Records for processing START

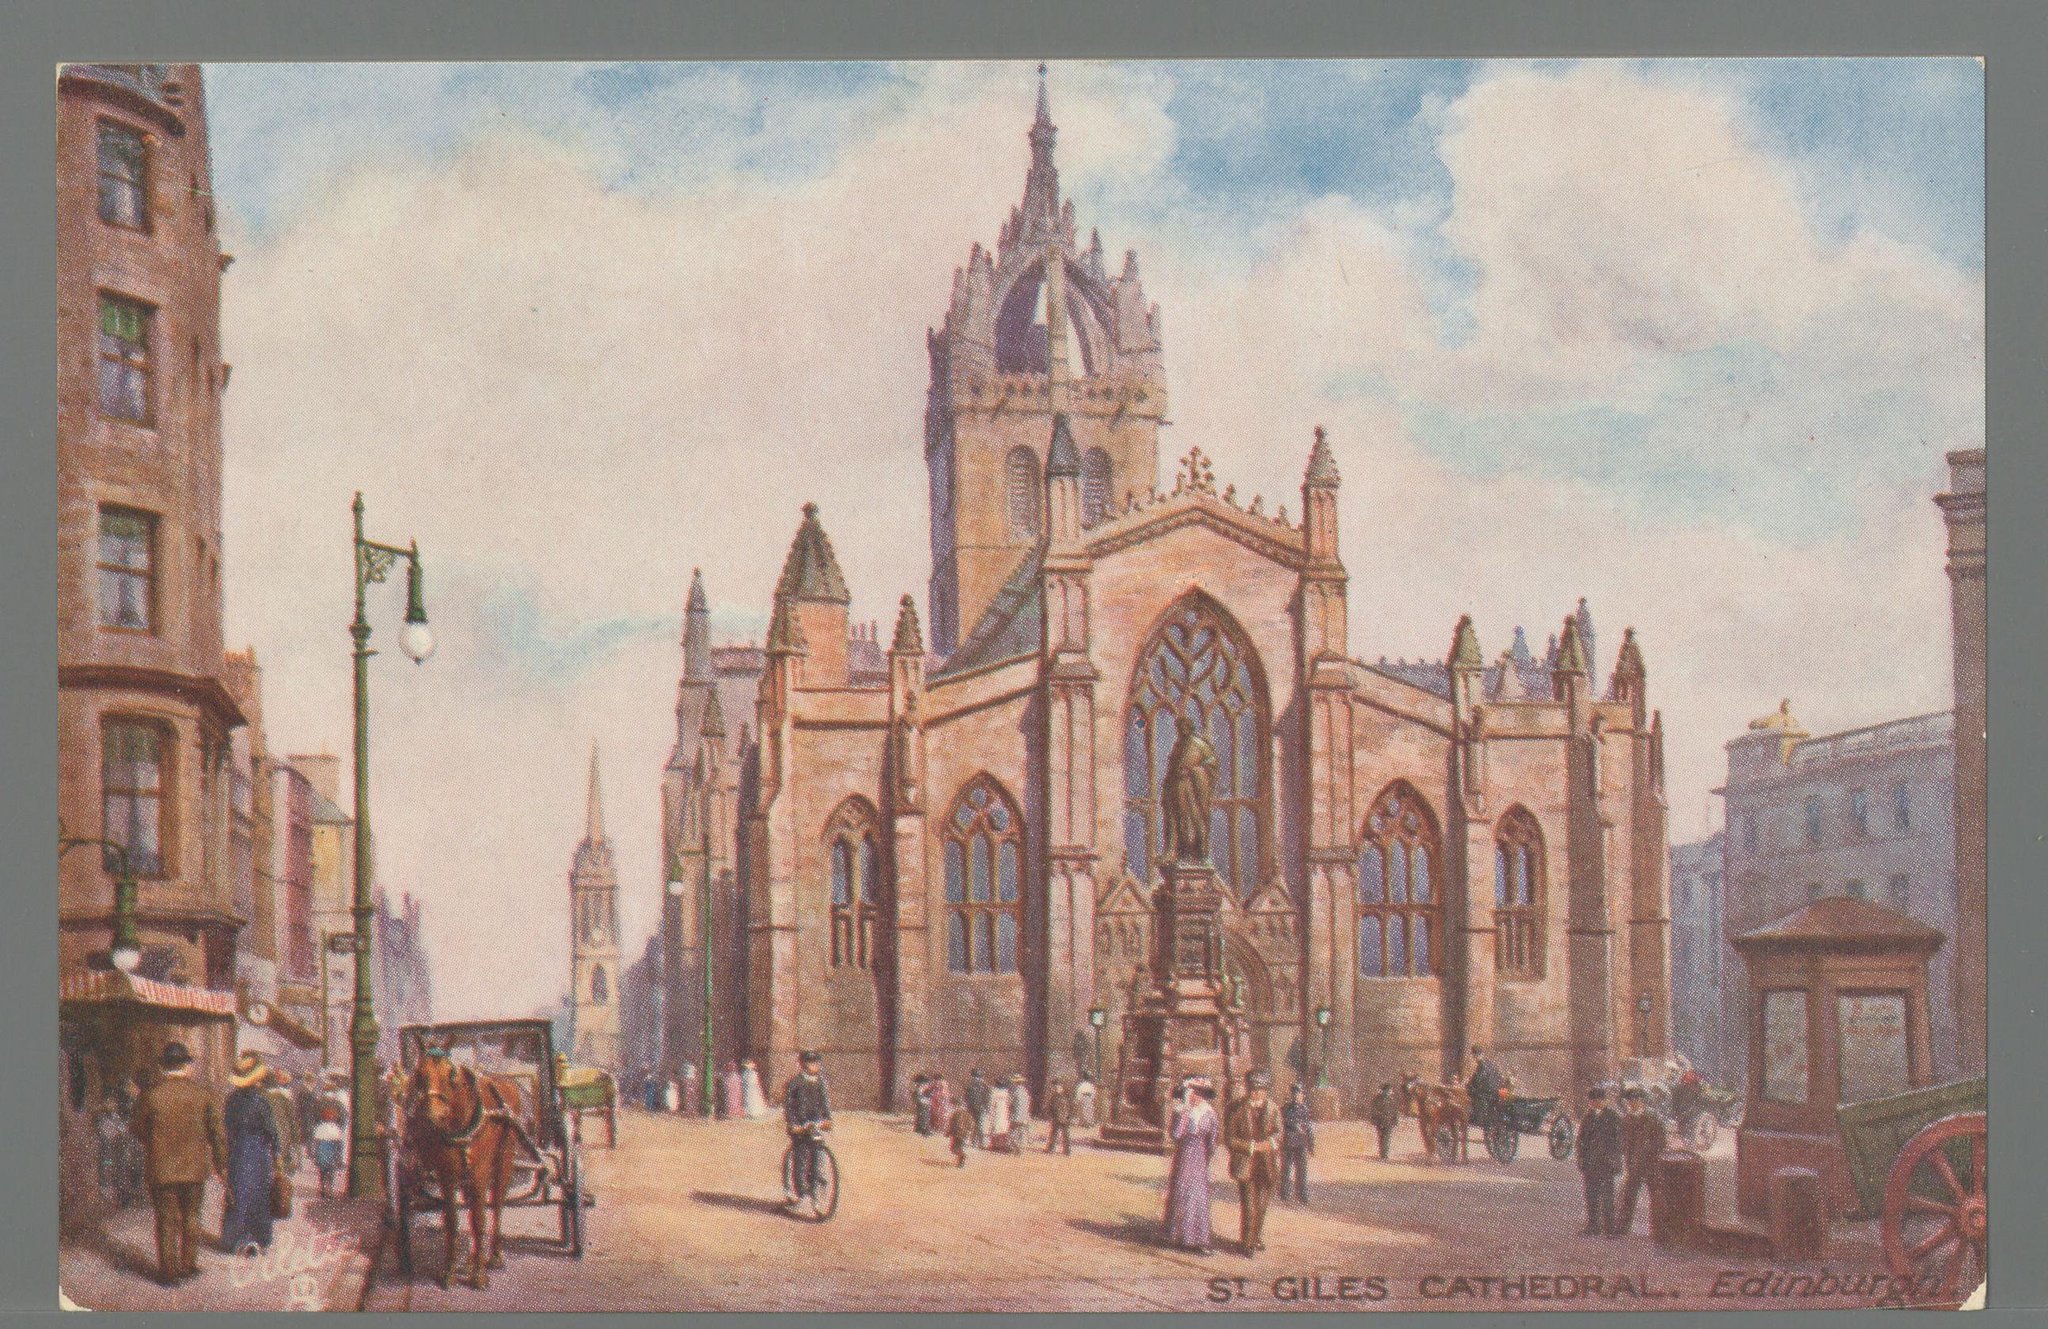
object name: photomechanical print
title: Edinburgh
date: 1902-1905
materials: cardboard
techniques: color autotype
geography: london
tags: church (exterior), street
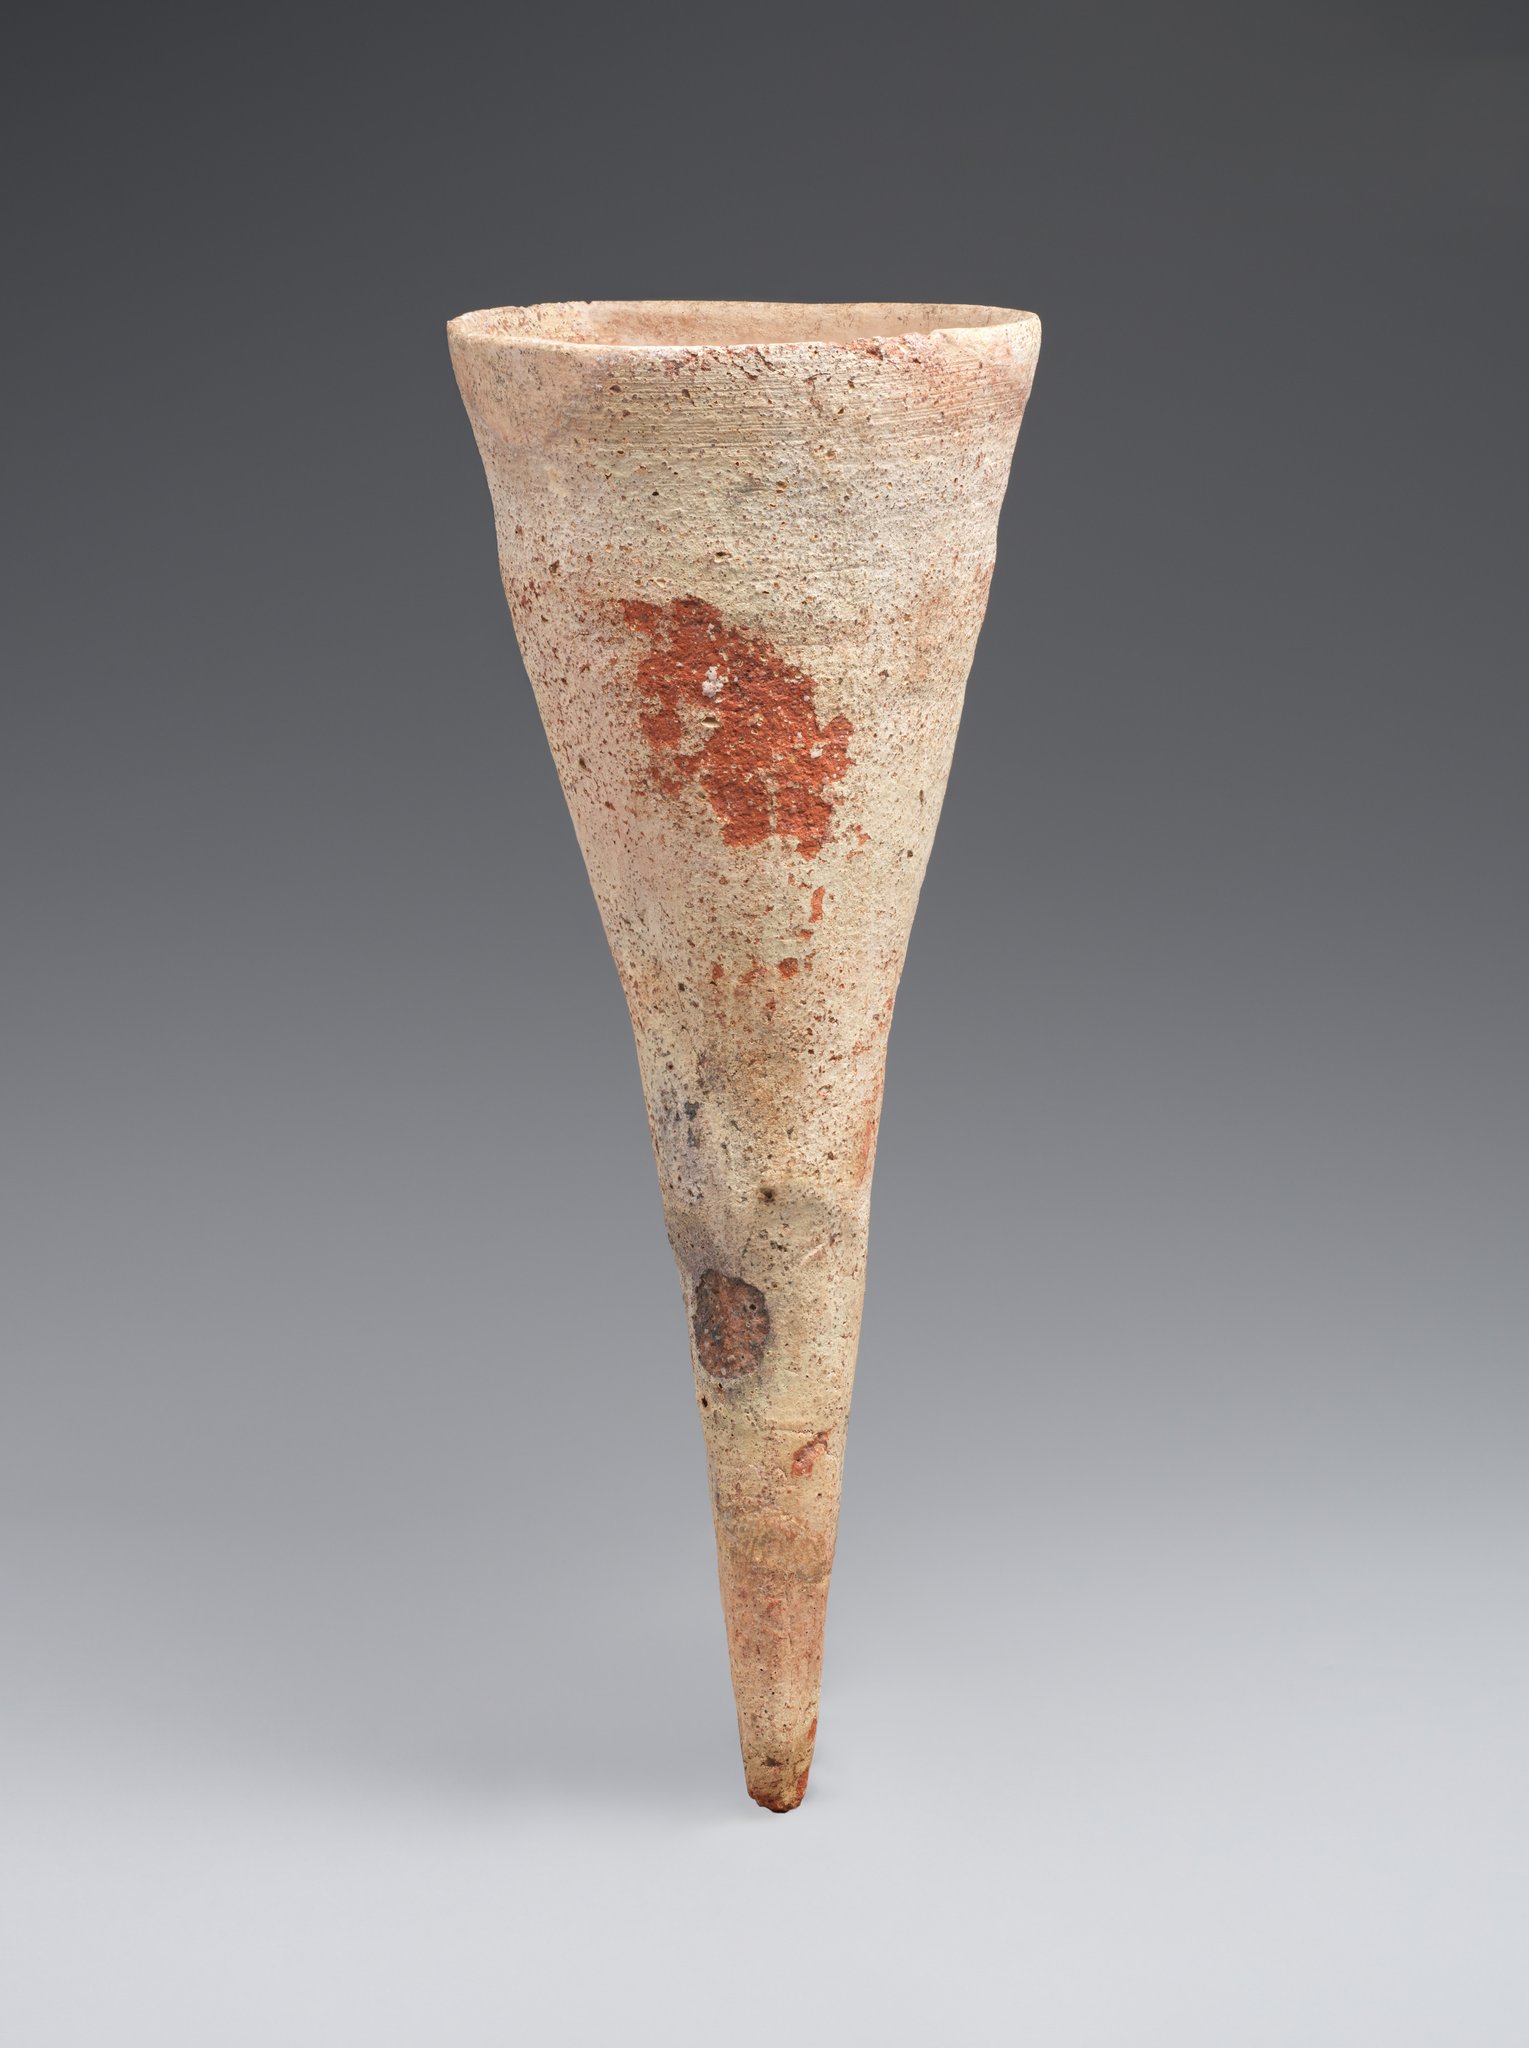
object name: cornet
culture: ghassulian
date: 4600-3600 BCE
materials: ceramic
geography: levant
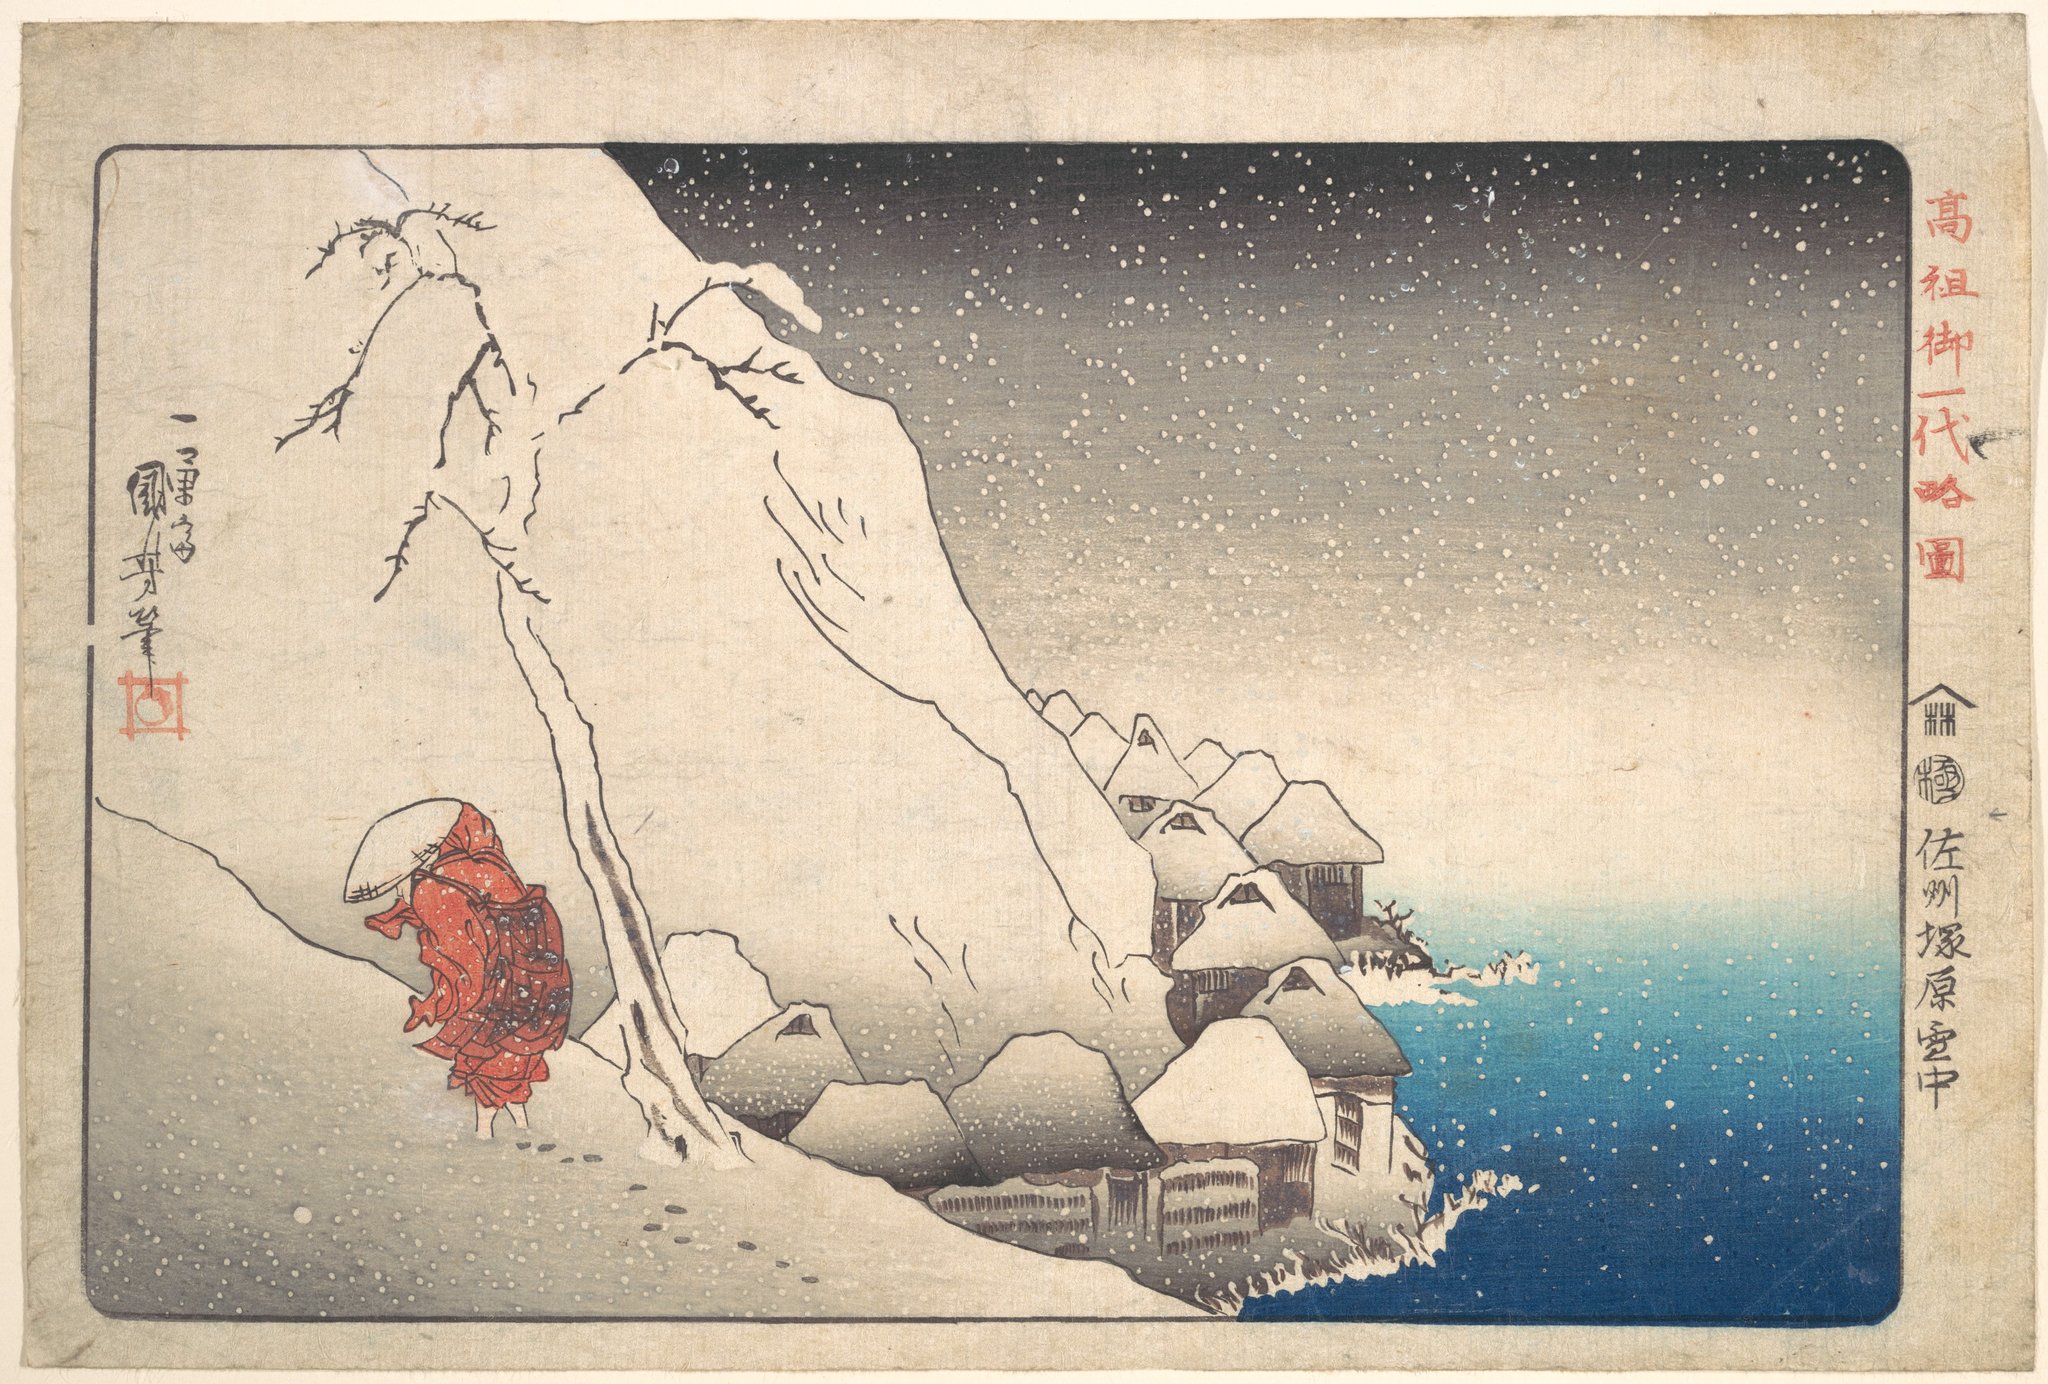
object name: print
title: Nichiren in Snow at Tsukahara, Sodo Province
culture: japanese
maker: utagawa kuniyoshi
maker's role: artist
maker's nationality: japanese
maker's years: 1797-1861
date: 1840
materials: ink, paper
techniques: woodblock print
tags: human figures,houses,mountains,snow

Records for processing END

Instructions for the task >> Each line above should be returned exactly as written, apart from any pictures.

Solution >>
object name: photomechanical print
title: Edinburgh
date: 1902-1905
materials: cardboard
techniques: color autotype
geography: london
tags: church (exterior), street
object name: cornet
culture: ghassulian
date: 4600-3600 BCE
materials: ceramic
geography: levant
object name: print
title: Nichiren in Snow at Tsukahara, Sodo Province
culture: japanese
maker: utagawa kuniyoshi
maker's role: artist
maker's nationality: japanese
maker's years: 1797-1861
date: 1840
materials: ink, paper
techniques: woodblock print
tags: human figures,houses,mountains,snow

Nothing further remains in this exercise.